Check for the presence of `errors` in your parsing logic and handle them accordingly. Error fields follow the same structure as [standard API errors](https://runware.ai/platform/errors).

## Code examples

**curl**:

```bash
# The -N flag disables curl's output buffering so chunks print as they arrive.

curl -N -X POST https://api.runware.ai/v1 \
  -H "Authorization: Bearer $RUNWARE_API_KEY" \
  -H "Content-Type: application/json" \
  -d '[
    {
      "taskType": "textInference",
      "taskUUID": "550e8400-e29b-41d4-a716-446655440000",
      "model": "minimax:m2.7@0",
      "deliveryMethod": "stream",
      "messages": [{"role": "user", "content": "Tell me a joke"}],
      "settings": {"maxTokens": 512, "temperature": 1.0},
      "includeCost": true
    }
  ]'
```

**JavaScript**:

```javascript
const response = await fetch('https://api.runware.ai/v1', {
  method: 'POST',
  headers: {
    'Authorization': 'Bearer ' + RUNWARE_API_KEY,
    'Content-Type': 'application/json',
  },
  body: JSON.stringify([{
    taskType: 'textInference',
    taskUUID: crypto.randomUUID(),
    model: 'minimax:m2.7@0',
    deliveryMethod: 'stream',
    messages: [{ role: 'user', content: 'Tell me a joke' }],
    settings: { maxTokens: 512, temperature: 1.0 },
  }]),
});

const reader = response.body.getReader();
const decoder = new TextDecoder();
let buffer = '';

while (true) {
  const { done, value } = await reader.read();
  if (done) break;

  buffer += decoder.decode(value, { stream: true });
  const lines = buffer.split('\n');
  buffer = lines.pop();

  for (const line of lines) {
    if (!line.trim() || line.startsWith(':')) continue;
    if (line === 'data: [DONE]') return;

    const json = JSON.parse(line.replace('data: ', ''));

    if (json.errors) {
      console.error(json.errors[0].message);
      return;
    }

    const text = json.delta?.text;
    if (text) process.stdout.write(text);
  }
}
```

**Python**:

```python
import json
import uuid
import httpx

response = httpx.post(
    'https://api.runware.ai/v1',
    headers={
        'Authorization': f'Bearer {RUNWARE_API_KEY}',
        'Content-Type': 'application/json',
    },
    json=[{
        'taskType': 'textInference',
        'taskUUID': str(uuid.uuid4()),
        'model': 'minimax:m2.7@0',
        'deliveryMethod': 'stream',
        'messages': [{'role': 'user', 'content': 'Tell me a joke'}],
        'settings': {'maxTokens': 512, 'temperature': 1.0},
    }],
    timeout=None,
)

for line in response.iter_lines():
    if not line or line.startswith(':'):
        continue
    if line == 'data: [DONE]':
        break

    data = json.loads(line.removeprefix('data: '))

    if 'errors' in data:
        raise Exception(data['errors'][0]['message'])

    text = data.get('delta', {}).get('text', '')
    if text:
        print(text, end='', flush=True)
```

## Best practices

- **Buffer by line, not by byte**. Network chunks may split a JSON event across multiple reads.

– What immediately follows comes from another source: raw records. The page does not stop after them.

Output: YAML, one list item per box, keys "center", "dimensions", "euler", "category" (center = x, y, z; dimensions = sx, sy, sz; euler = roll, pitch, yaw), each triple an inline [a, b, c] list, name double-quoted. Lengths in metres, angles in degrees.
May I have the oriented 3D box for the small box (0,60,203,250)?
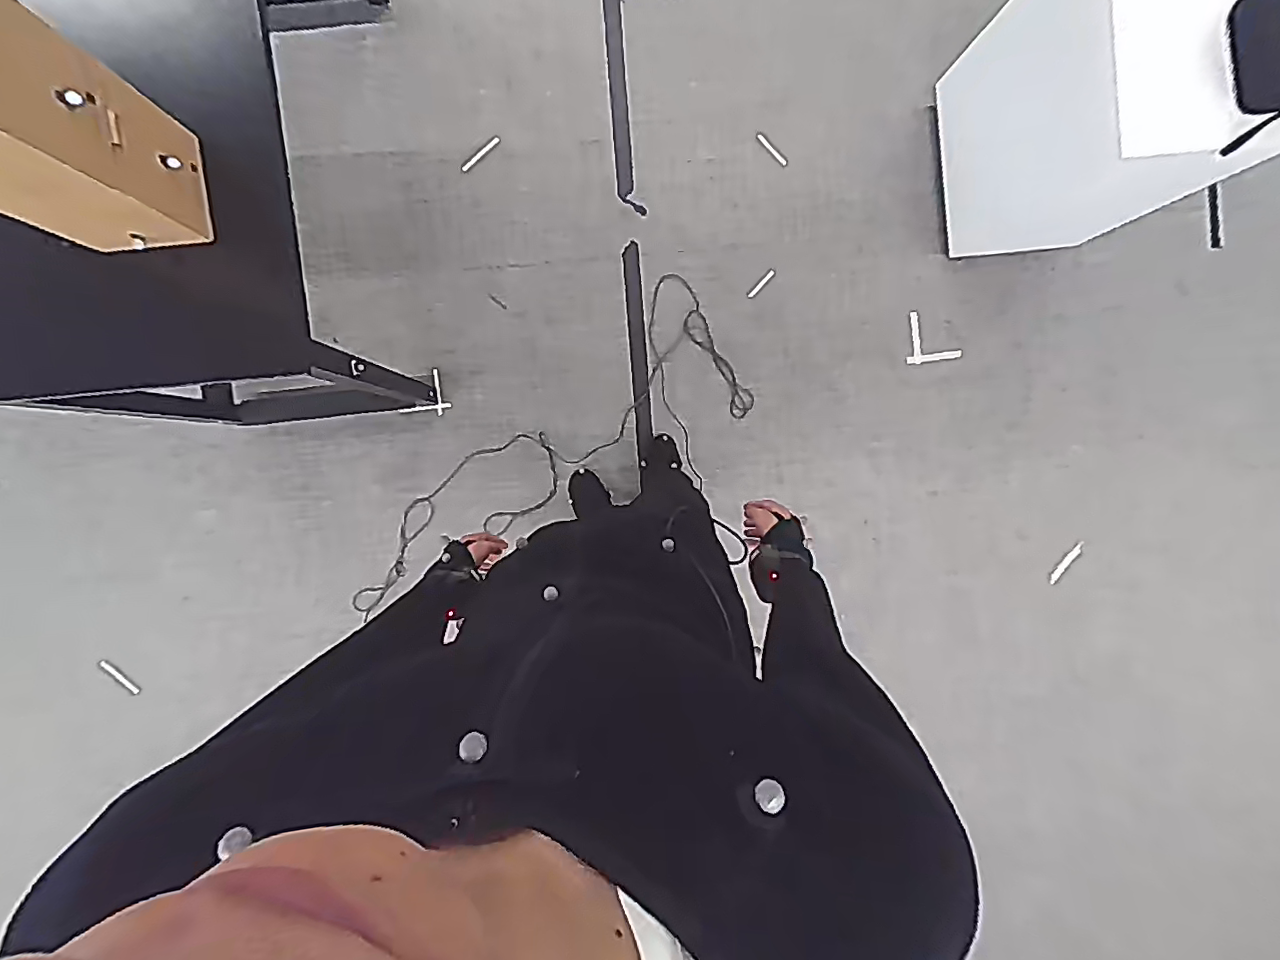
- center: [-0.760, -0.442, 0.759]
  dimensions: [0.179, 0.176, 0.168]
  euler: [-8, 93, -3]
  category: "small box"

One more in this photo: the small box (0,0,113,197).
- center: [-0.753, -0.434, 0.594]
  dimensions: [0.179, 0.176, 0.168]
  euler: [-7, 94, -3]
  category: "small box"

Accumulate data in a buffer and process complete lines only.
- **Handle `[DONE]` explicitly**. Always check for the `data: [DONE]` sentinel before attempting to parse JSON. Treating it as JSON will cause a parse error.
- **Separate reasoning from content**. If you're working with reasoning models, track whether the stream is currently delivering `delta.reasoningContent` or `delta.text` and route them accordingly.
- **Implement timeouts**. Set a reasonable timeout for the overall stream connection. If no events arrive within your timeout window, close the connection and retry.
- **Use the Fetch API for browser clients**. The browser's native `EventSource` API only supports GET requests. Since text inference uses POST, use the Fetch API with `ReadableStream` instead.